La petulancia del ególatra lo lleva a la búsqueda continua del reconocimiento y la adulación, encerrándose en una burbuja. El aislacionismo narcisista conduce a la ausencia de empatía y a la incapacidad de reconocer las necesidades de los otros.
Presumidos, se jactan de logros que no les pertenecen y aparecen agrandados, maquillados por la propaganda.
Estos falsos profetas son malos líderes, su arrogancia los lleva a creerse sus fantasías, incapaces de conciliar la realidad con la imagen desmesurada de sí mismos.
Dominantes no pueden formar equipos, dirigen verticalmente y con disciplina rígida, creando un clima de temor en sus más cercanos colaboradores, ansiosos ante la posibilidad de ser excluidos de la gracia del fatuo narciso y muchos abandonan el barco.

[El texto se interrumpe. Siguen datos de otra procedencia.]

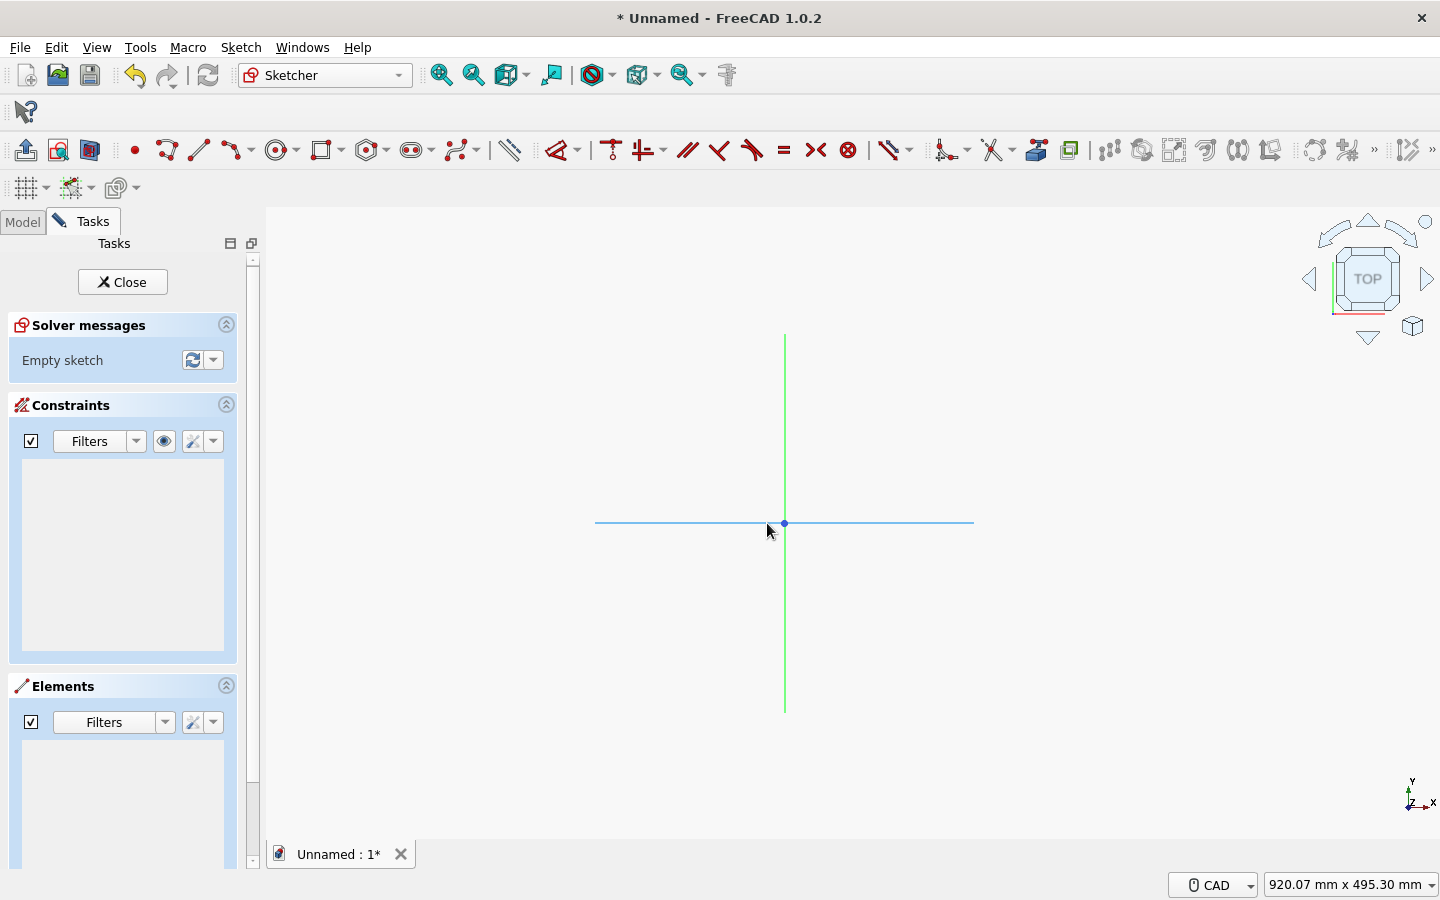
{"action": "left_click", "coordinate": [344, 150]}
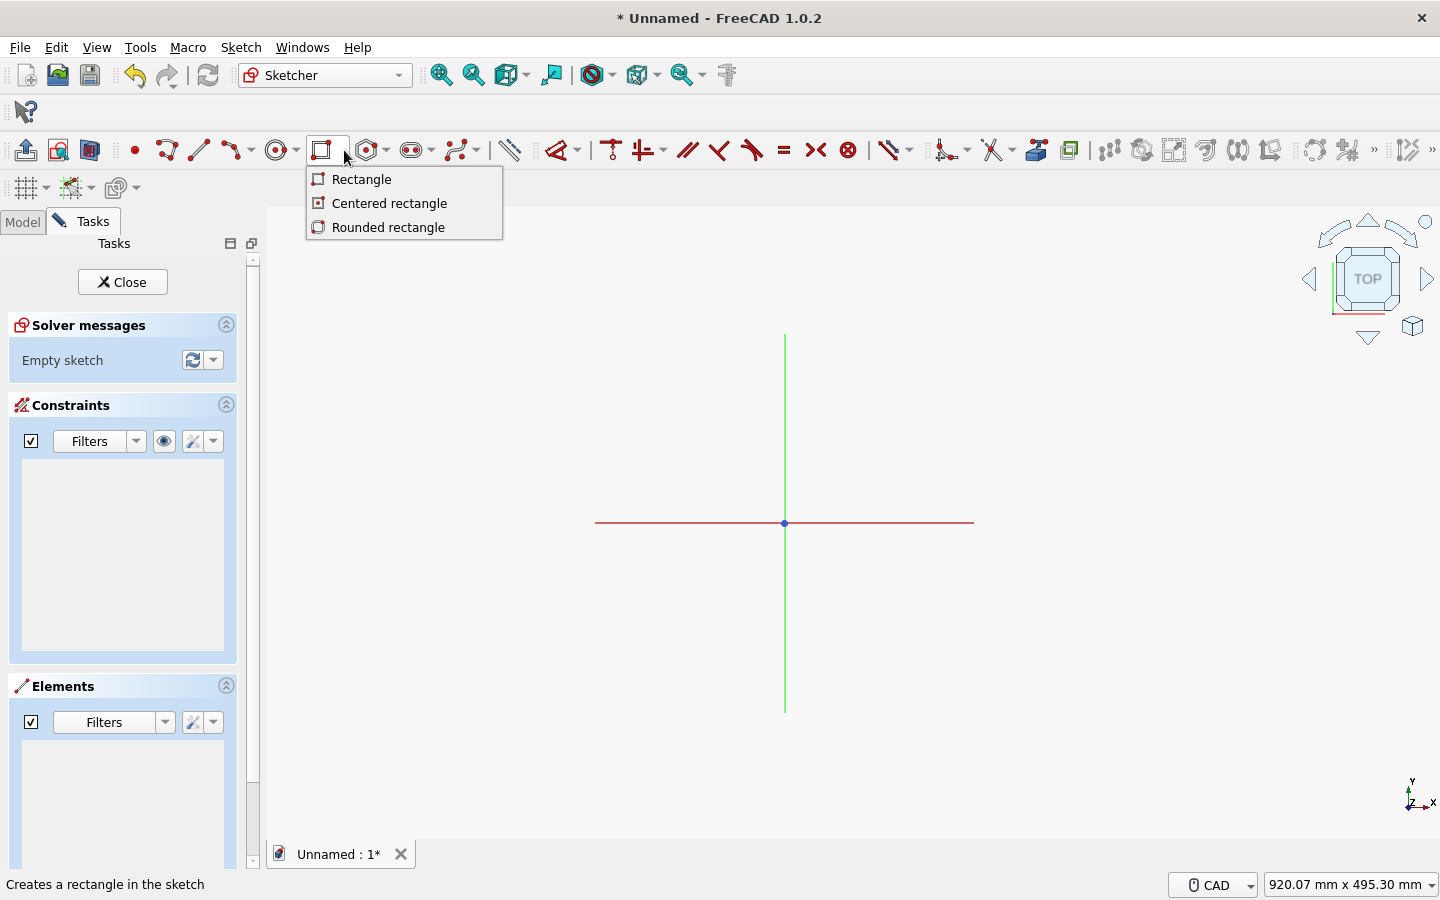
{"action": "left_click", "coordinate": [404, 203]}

El megalómano puede proyectar cordialidad y simpatía y eso le permite ser popular algún tiempo, ofreciendo soluciones fáciles y de corto plazo que raramente cristalizan.
El narcisismo amenaza a la democracia pues la pulsión de dominación que yace tras la creencia en la superioridad provoca confrontación, olvidando que el progreso reside en la cooperación y no en el enfrentamiento.
El culto a la personalidad del Jefe no lleva a la igualdad democrática sino a la autocracia.